In any case, have you ever suddenly “lost” your sense of smell such that you cannot smell anything around you? No, it is not the flu or black gold. Rather, as you inhale, you get intoxicated with a very strange déjà vu sensation. This happens around twice a year, and I have come to treat this as a sort of hint that something major is about to happen in my life.

That is just a short diatribe on the sense of smell. It might seem unimportant, but imagine, if you worked in a lab, and were surrounded by phenol-chloroform fumes, wouldn’t you be glad to know in advance that you are being poisoned or choked by those fumes? Without smell, by golly, you’re dead meat. And for mosquitoes, the sense of smell is essential: you smell living flesh, criss-crossed with huge veins through which delicious nutrient-rich fresh blood rushes.

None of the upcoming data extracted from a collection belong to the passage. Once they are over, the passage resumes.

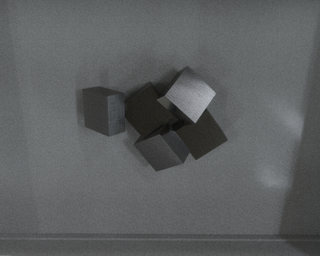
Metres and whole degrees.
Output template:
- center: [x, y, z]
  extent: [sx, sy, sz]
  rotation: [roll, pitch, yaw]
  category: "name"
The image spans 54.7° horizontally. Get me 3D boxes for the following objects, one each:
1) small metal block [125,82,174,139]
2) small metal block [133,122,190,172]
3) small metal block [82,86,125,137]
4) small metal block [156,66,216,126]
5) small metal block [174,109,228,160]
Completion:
- center: [-0.017, -0.023, 0.401]
  extent: [0.050, 0.025, 0.050]
  rotation: [-36, 107, 12]
  category: "small metal block"
- center: [0.002, 0.026, 0.407]
  extent: [0.050, 0.025, 0.050]
  rotation: [-23, 112, 41]
  category: "small metal block"
- center: [-0.070, -0.022, 0.386]
  extent: [0.050, 0.025, 0.050]
  rotation: [18, 116, 40]
  category: "small metal block"
- center: [0.033, -0.039, 0.383]
  extent: [0.050, 0.025, 0.050]
  rotation: [41, 70, -14]
  category: "small metal block"
- center: [0.054, 0.006, 0.413]
  extent: [0.050, 0.025, 0.050]
  rotation: [-34, 107, 11]
  category: "small metal block"

Imagine the joy surging through each mosquito as it pierces through the thick epidermis and reaches the *exact* spot where the optimal blood pressure for sufficiently inflating its little belly lies. The sense of smell (and of course, the ability to monitor heat distribution) matters a lot. Unfortunately, you cannot help but curse evolution, and the resulting selection for better mosquitoes with more efficiently blood-searching mechanisms, when you’re the victim, as I was. I am now nursing huge lines of mosquito bites – these lines delineate the blood vessel distribution of my entire circulatory system.

Now of course, I am exaggerating. Don’t worry, mom & dad!